As it is formed integrally with the outer cover of the card on the card, it is tough and has excellent environmental resistance, effectively protects functional parts from external force, improves reliability, and is easy to fill and embed in the card with foam resin. Since the deformation of the card can be prevented by the mold having the different structure, and the outer container of the card is pressed against the mold from the inside by the internal pressure, the finished I
The surface of the C card is flat even if the outer container is thin. In the manufacture of an IC card, an IC card having a flat surface can be obtained by storing functional parts in an outer container and foaming a foaming resin in a simple mold, by the internal pressure of the foaming resin and restraint by the mold.

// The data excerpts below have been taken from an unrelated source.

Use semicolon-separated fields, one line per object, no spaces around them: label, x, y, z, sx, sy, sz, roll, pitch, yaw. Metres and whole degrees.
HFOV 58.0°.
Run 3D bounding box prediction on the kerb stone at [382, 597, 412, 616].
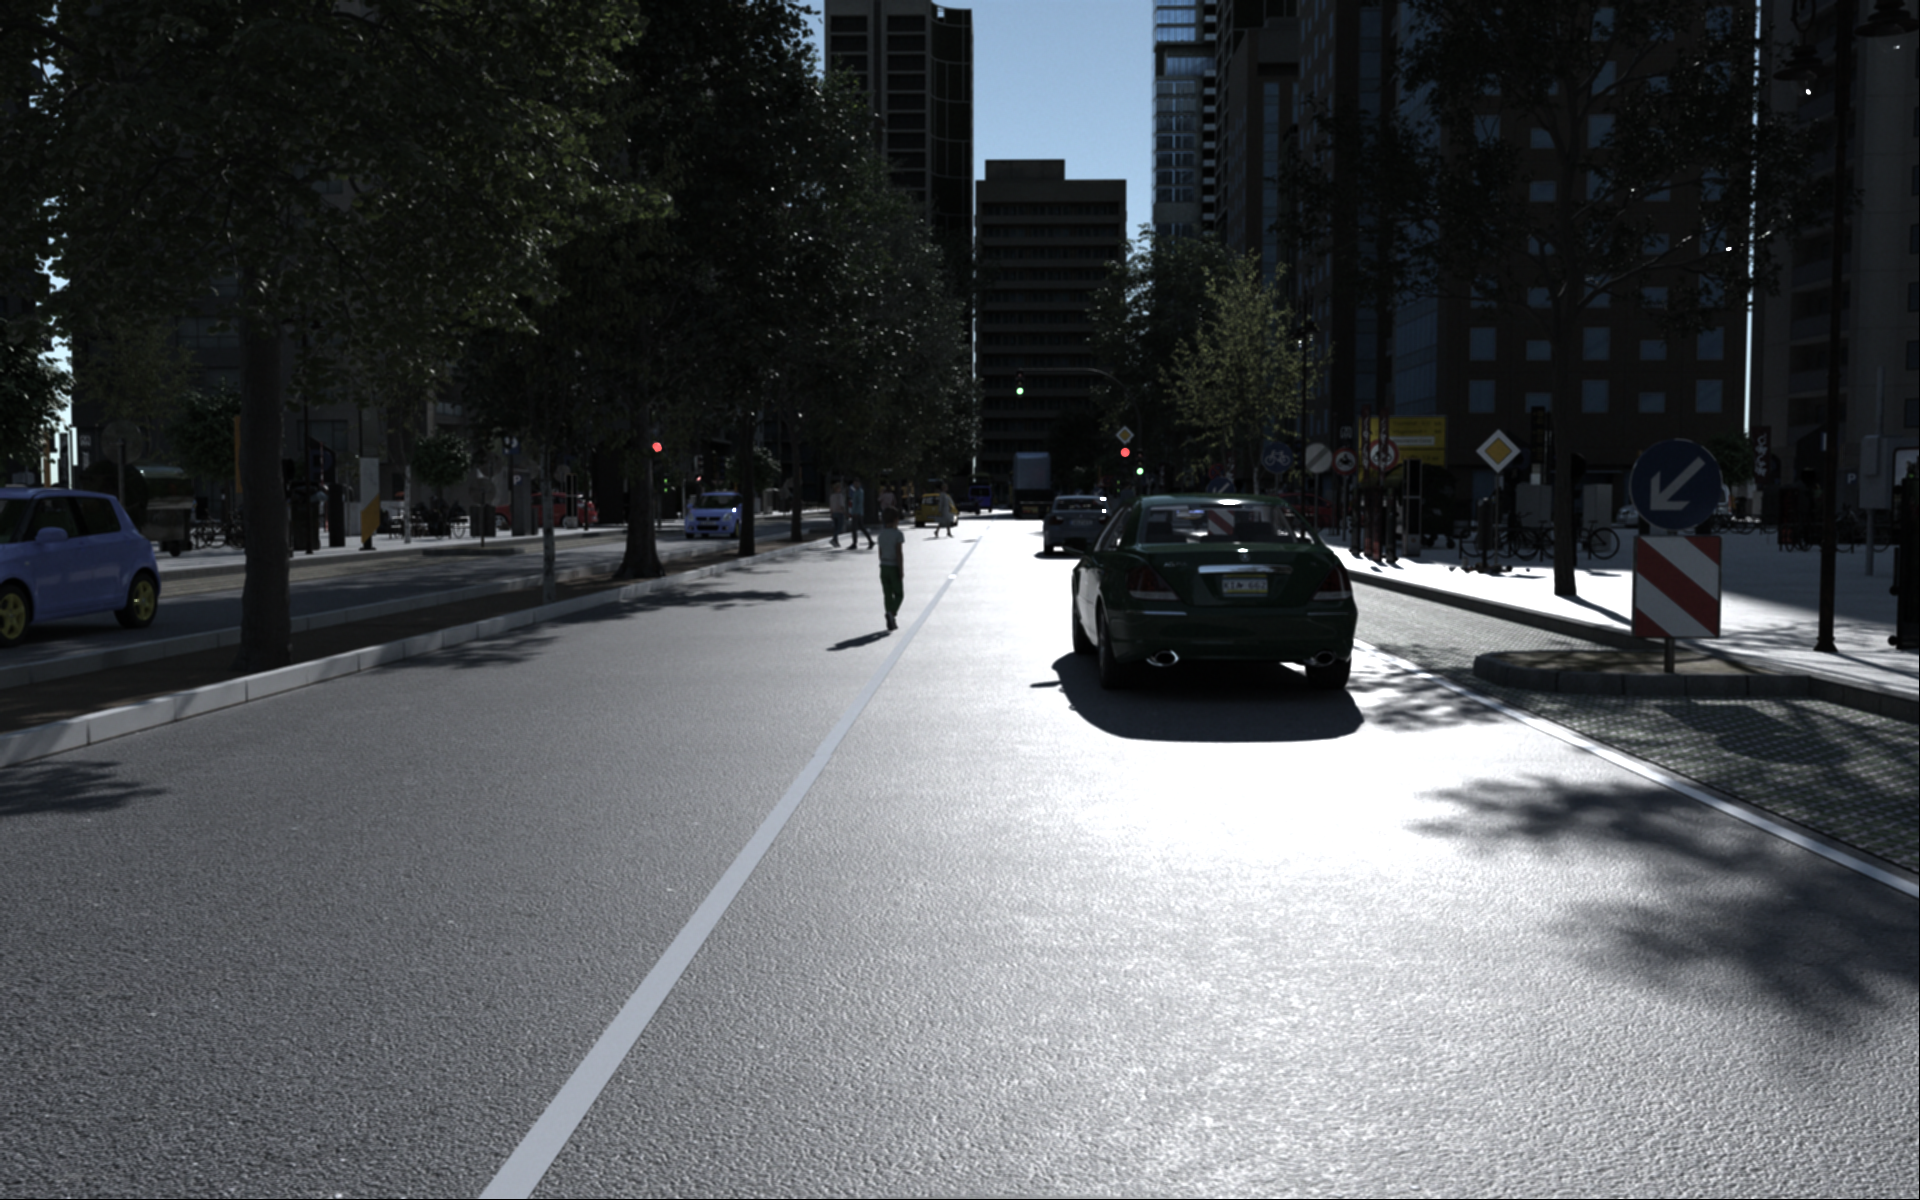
kerb stone;-6.806;0.092;20.694;0.120;0.150;1.000;0;4;2

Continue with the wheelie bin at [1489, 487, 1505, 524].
wheelie bin;22.868;-4.012;73.497;0.693;1.594;0.980;2;4;32

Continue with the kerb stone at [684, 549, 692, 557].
kerb stone;-6.258;-1.037;39.156;0.120;0.150;1.000;0;4;2

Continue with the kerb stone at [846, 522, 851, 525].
kerb stone;-5.033;-3.514;79.656;0.120;0.150;1.000;0;4;2

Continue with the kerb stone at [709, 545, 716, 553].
kerb stone;-6.156;-1.224;42.237;0.120;0.150;1.000;0;4;2

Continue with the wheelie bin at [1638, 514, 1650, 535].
wheelie bin;20.775;-2.711;52.239;0.693;1.594;0.980;2;4;30

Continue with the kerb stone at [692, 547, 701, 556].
kerb stone;-6.218;-1.098;40.178;0.120;0.150;1.000;0;4;2

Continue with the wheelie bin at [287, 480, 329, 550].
wheelie bin;-14.960;-1.941;39.637;0.980;1.594;0.693;-1;4;-23

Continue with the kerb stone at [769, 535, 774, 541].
kerb stone;-5.856;-1.853;52.486;0.120;0.150;1.000;0;4;2

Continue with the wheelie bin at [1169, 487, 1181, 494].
wheelie bin;9.936;-4.414;80.084;0.980;1.594;0.693;0;4;-6

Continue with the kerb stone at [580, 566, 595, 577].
kerb stone;-6.531;-0.472;29.919;0.120;0.150;1.000;0;4;2

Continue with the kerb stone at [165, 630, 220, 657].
kerb stone;-6.968;0.405;15.577;0.120;0.150;1.000;0;4;2

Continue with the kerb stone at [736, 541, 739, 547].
kerb stone;-6.035;-1.477;46.337;0.120;0.150;1.000;0;4;2

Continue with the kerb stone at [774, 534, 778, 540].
kerb stone;-5.815;-1.914;53.513;0.120;0.150;1.000;0;4;2

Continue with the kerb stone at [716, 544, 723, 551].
kerb stone;-6.127;-1.284;43.259;0.120;0.150;1.000;0;4;2

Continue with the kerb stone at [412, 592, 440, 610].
kerb stone;-6.779;0.029;21.723;0.120;0.150;1.000;0;4;2

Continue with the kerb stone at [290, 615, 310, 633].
kerb stone;-6.905;0.282;17.625;0.120;0.150;1.000;0;4;2

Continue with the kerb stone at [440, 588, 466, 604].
kerb stone;-6.743;-0.034;22.746;0.120;0.150;1.000;0;4;2

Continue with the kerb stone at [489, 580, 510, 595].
kerb stone;-6.685;-0.159;24.801;0.120;0.150;1.000;0;4;2

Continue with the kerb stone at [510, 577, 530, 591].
kerb stone;-6.654;-0.222;25.822;0.120;0.150;1.000;0;4;2

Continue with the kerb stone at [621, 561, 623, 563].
kerb stone;-6.435;-0.658;32.983;0.120;0.150;1.000;0;4;2

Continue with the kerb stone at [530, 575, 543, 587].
kerb stone;-6.629;-0.284;26.844;0.120;0.150;1.000;0;4;2

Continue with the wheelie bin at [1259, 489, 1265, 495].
wheelie bin;20.393;-6.555;115.081;0.693;1.594;0.980;-3;4;-37

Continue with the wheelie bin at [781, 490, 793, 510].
wheelie bin;-13.653;-7.875;136.666;0.980;1.594;0.693;-1;4;-19

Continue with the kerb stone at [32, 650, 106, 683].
kerb stone;-7.018;0.534;13.534;0.120;0.150;1.000;0;4;2

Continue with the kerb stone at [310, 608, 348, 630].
kerb stone;-6.864;0.220;18.646;0.120;0.150;1.000;0;4;2

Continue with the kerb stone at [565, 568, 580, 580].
kerb stone;-6.568;-0.409;28.890;0.120;0.150;1.000;0;4;2

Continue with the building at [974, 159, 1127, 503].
building;12.980;-38.507;253.297;21.600;48.544;21.300;0;4;2

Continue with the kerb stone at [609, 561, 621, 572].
kerb stone;-6.472;-0.597;31.962;0.120;0.150;1.000;0;4;2

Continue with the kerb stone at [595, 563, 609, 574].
kerb stone;-6.501;-0.535;30.940;0.120;0.150;1.000;0;4;2

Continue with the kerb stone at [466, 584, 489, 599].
kerb stone;-6.711;-0.096;23.774;0.120;0.150;1.000;0;4;2

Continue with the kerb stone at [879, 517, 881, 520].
kerb stone;-4.439;-4.703;99.145;0.120;0.150;1.000;0;4;2

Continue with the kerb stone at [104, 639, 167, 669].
kerb stone;-6.993;0.469;14.556;0.120;0.150;1.000;0;4;2

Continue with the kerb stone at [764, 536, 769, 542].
kerb stone;-5.880;-1.786;51.461;0.120;0.150;1.000;0;4;2

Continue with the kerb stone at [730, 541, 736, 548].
kerb stone;-6.064;-1.414;45.311;0.120;0.150;1.000;0;4;2

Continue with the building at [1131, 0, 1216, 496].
building;39.688;-57.486;252.575;31.000;86.520;22.319;0;4;2

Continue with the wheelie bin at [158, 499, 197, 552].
wheelie bin;-17.688;-1.894;38.872;0.980;1.594;0.693;-3;4;-38

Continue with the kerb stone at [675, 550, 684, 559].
kerb stone;-6.284;-0.974;38.119;0.120;0.150;1.000;0;4;2

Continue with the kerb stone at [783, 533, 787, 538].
kerb stone;-5.750;-2.041;55.563;0.120;0.150;1.000;0;4;2

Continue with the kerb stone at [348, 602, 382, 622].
kerb stone;-6.835;0.154;19.673;0.120;0.150;1.000;0;4;2

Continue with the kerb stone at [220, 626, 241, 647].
kerb stone;-6.931;0.342;16.599;0.120;0.150;1.000;0;4;2

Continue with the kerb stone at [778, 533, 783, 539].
kerb stone;-5.787;-1.978;54.540;0.120;0.150;1.000;0;4;2

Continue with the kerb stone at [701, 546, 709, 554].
kerb stone;-6.182;-1.163;41.211;0.120;0.150;1.000;0;4;2

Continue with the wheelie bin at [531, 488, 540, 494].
wheelie bin;-20.884;-4.695;84.676;0.693;1.594;0.980;-2;4;-27

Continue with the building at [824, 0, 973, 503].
building;-8.513;-49.842;253.174;20.611;71.187;20.563;0;4;2

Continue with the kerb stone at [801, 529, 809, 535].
kerb stone;-5.543;-2.478;62.747;0.120;0.150;1.000;0;4;2

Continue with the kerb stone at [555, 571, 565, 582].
kerb stone;-6.590;-0.347;27.865;0.120;0.150;1.000;0;4;2

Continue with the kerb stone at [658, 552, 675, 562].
kerb stone;-6.315;-0.907;37.091;0.120;0.150;1.000;0;4;2

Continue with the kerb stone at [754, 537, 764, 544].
kerb stone;-5.913;-1.726;50.438;0.120;0.150;1.000;0;4;2

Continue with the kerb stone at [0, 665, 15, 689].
kerb stone;-7.058;0.593;12.499;0.120;0.150;1.000;0;4;2

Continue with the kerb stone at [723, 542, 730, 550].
kerb stone;-6.097;-1.351;44.280;0.120;0.150;1.000;0;4;2

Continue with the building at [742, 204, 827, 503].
building;-33.688;-36.735;255.236;28.867;44.769;22.147;0;4;2

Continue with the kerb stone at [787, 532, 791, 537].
kerb stone;-5.724;-2.103;56.585;0.120;0.150;1.000;0;4;2

Therefore, there is an effect that the productivity is improved in the simplification process.

[Brief description of drawings]

FIG. 1 is a plan view showing a semiconductor device manufactured by a method of the present invention.

FIG. 2 is an enlarged cross-sectional view taken along the line AA in FIG.

FIG. 3 is a cross-sectional view showing the procedure of one embodiment of the present invention.

FIG. 4 is a perspective view showing a mold according to an embodiment of the present invention.

FIG. 5 is a sectional view showing an embodiment of the present invention.

FIG. 6 is a view showing a conventional device, in which a is a plan view and b is a cross-sectional view.

[Explanation of symbols]

 DESCRIPTION OF SYMBOLS 1 IC card 2 Circuit board 3 IC 4 Battery 5 Parts 6 Coil 7 Outer skin container 7a A side container 7b B side container 7c, 7d Projection part 8 Cavity 9 Foaming resin 10 Mold 10a a side 10b b side

Continuation of the front page (51) Int.Cl. ⁵ Identification number Office reference number FI technical display location H01L 23/28 Z 8617-4M

Claims (2)

[Claims] 1. An electronic component is contained in an outer casing formed by joining a pair of dish-shaped containers to each other at their peripheral edges, and a gap between the outer casing and the electronic component is filled with a foaming resin. Then, in the step of foaming the foamable resin in the outer container, the method of manufacturing the semiconductor device is characterized in that foaming is carried out in a state of being constrained by a mold. 2. A pair of molds in which a cavity portion of a mold into which the outer container is inserted is engraved separately on both sides, and has a flat surface on which both surfaces are parallel to each other. Of manufacturing a semiconductor device of.